笔趣阁 > 其他小说 > 财阀继承人的古董女友 > 第5章 神迹
    “叮”的一声,电梯停在十二楼。


    走廊很长,声控灯随着沈词的脚步次第亮起,又在她身后悄然熄灭。


    她在1201门前停下,指尖悬在指纹锁上方,停顿了片刻。


    原主的记忆告诉她,这里是“家”。


    “咔哒”一声,门开了,暖黄的灯光从门缝里漏出来。


    沈词抬脚迈入,反手合上门,还未换鞋,便听见客厅方向传来一声轻咳。


    “悠悠?”


    那声音低沉,带着几分疲惫,几分不确定。


    沈词浑身一僵。


    她循声望去,看见客厅沙发上坐着一个男人。


    四十多岁,鬓角微白,却丝毫不减其俊朗——


    眉眼深邃如刀刻,鼻梁高挺,下颌线条利落分明,即便衬衫扣子松了两颗、领带歪在一边,仍透出一种历经岁月沉淀的英气。


    只是那双眼睛,此刻布满血丝,眼底青黑,显然熬了许久。


    “爸……”沈词脱口而出,声音干涩。


    这个字像是从这具身体的深处自动浮上来的,带着濡湿的亲昵。


    沈萧鸣站起身,目光在她身上扫了一圈。


    “你不是……”他皱起眉,声音里带着困惑,“微信里说,今晚住在女同学家?”


    沈词心头一跳。


    原主记忆碎片般涌来:原主今夜打算在男主那边留宿,所以傍晚的时候同父亲撒了谎,说是参加女同学的生日聚会,晚上和同学一起睡。


    “我……”沈词张了张嘴,喉咙发紧。


    她实在不擅长撒谎。


    沈萧鸣的目光落在她攥衣角的手指上,那指尖发白,微微颤抖。


    他忽然叹了口气。


    那叹息很轻,像一片落叶飘进深潭,却让整个客厅的空气都沉了沉。


    他走过来,没有追问,没有责备,只是轻轻拍了拍她的肩膀。


    “去洗漱吧,”他说,声音低沉,“洗完,早点儿休息。

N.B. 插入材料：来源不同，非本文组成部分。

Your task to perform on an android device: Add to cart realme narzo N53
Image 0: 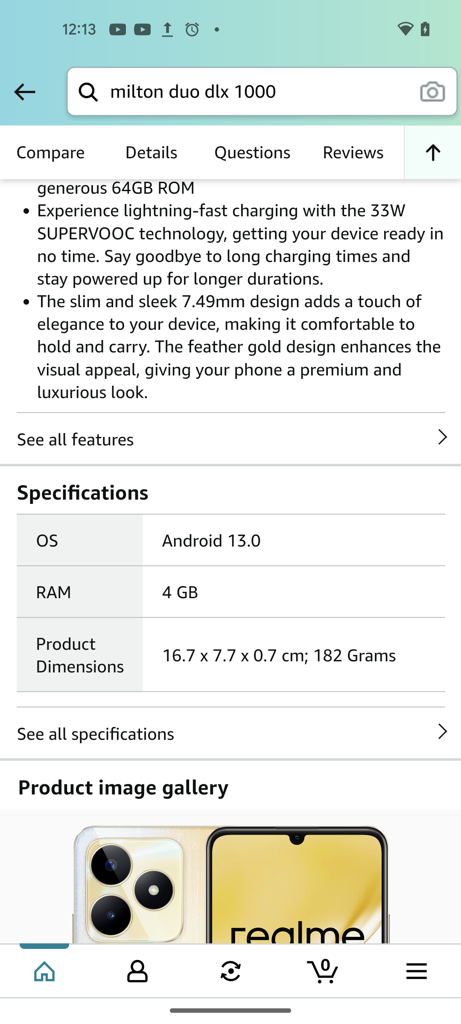
swipe down to view the Add to cart option 
Step 0: scroll up
Image 1: 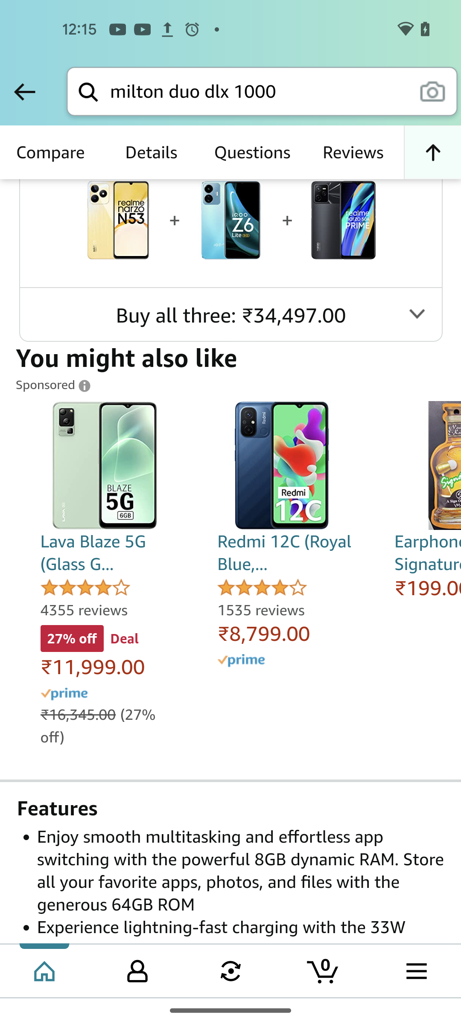
swipe down to view the Add to cart option 
Step 1: scroll up
Image 2: 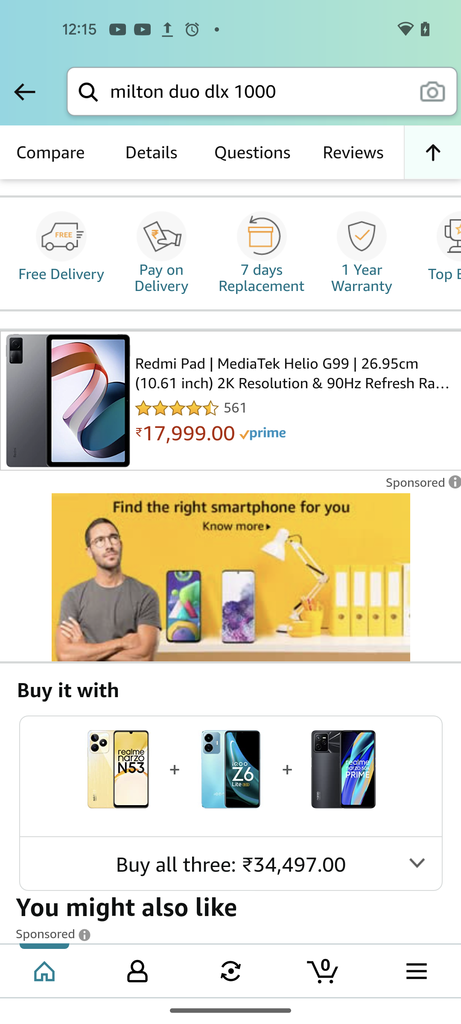
swipe down to view the Add to cart option 
Step 2: scroll up
Image 3: 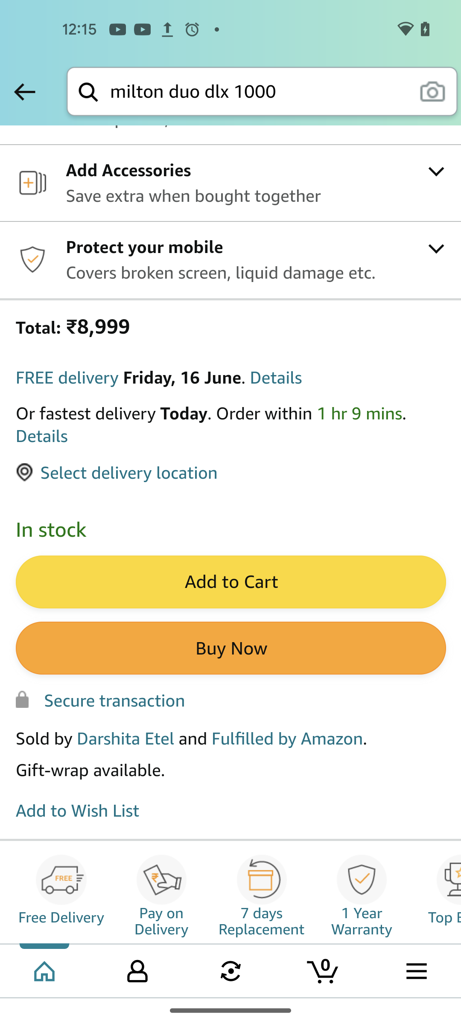
click on the Add to cart  button
Step 3: click (230, 582)
Image 4: 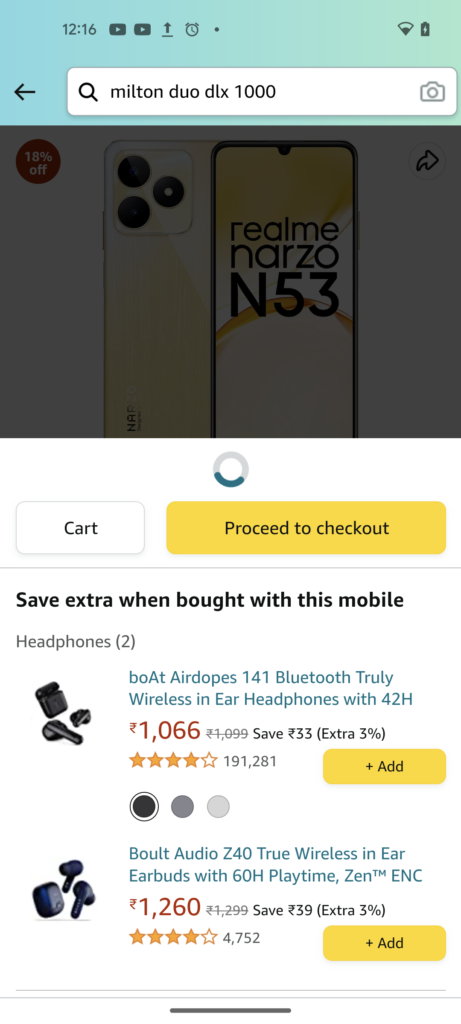
click on the Add to cart  button
Step 4: wait

”


    ……


    话本子以女主苏子衿为第一视角,并没有提过原主的家庭环境。


    按照原主的记忆,在原主刚上小学那年,这个家便已分崩离析。


    原主那位追求极致浪漫的母亲,无法忍受丈夫的沉闷与不解风情,签下离婚协议后转头便嫁作他人妇,远赴国外过起了她梦寐以求的生活,从此杳无音讯。


    这些年,沈萧鸣既当爹又当妈,一边要忙着生意撑起这个家,一边还要照顾女儿的衣食起居与学业。


    这位沉默寡言的父亲,独自扛下了所有的风雨,实在是不易。


    深夜。


    沈词闭上眼睛,原以为会辗转难眠。


    ——毕竟这不是她的床。


    可睡意来得比她想象中快得多。


    没有心悸,没有半夜惊醒时喉头泛上的铁锈味,没有辗转反侧时肋骨下隐隐的钝痛。


    没有。


    什么都没有。


    这具身体的心脏跳动得如此沉稳,像远处传来的暮鼓晨钟,不疾不徐,从容有力。


    沈词在将睡未睡的边界上,几乎要落下泪来。


    神迹。


    她只能在朦胧中反复咀嚼这个词。


    不是医术,不是药石,是神迹——


    某种超越她理解的力量,将她的魂魄从一副残破的躯壳里轻轻捧起,安置进这具完好无损的容器。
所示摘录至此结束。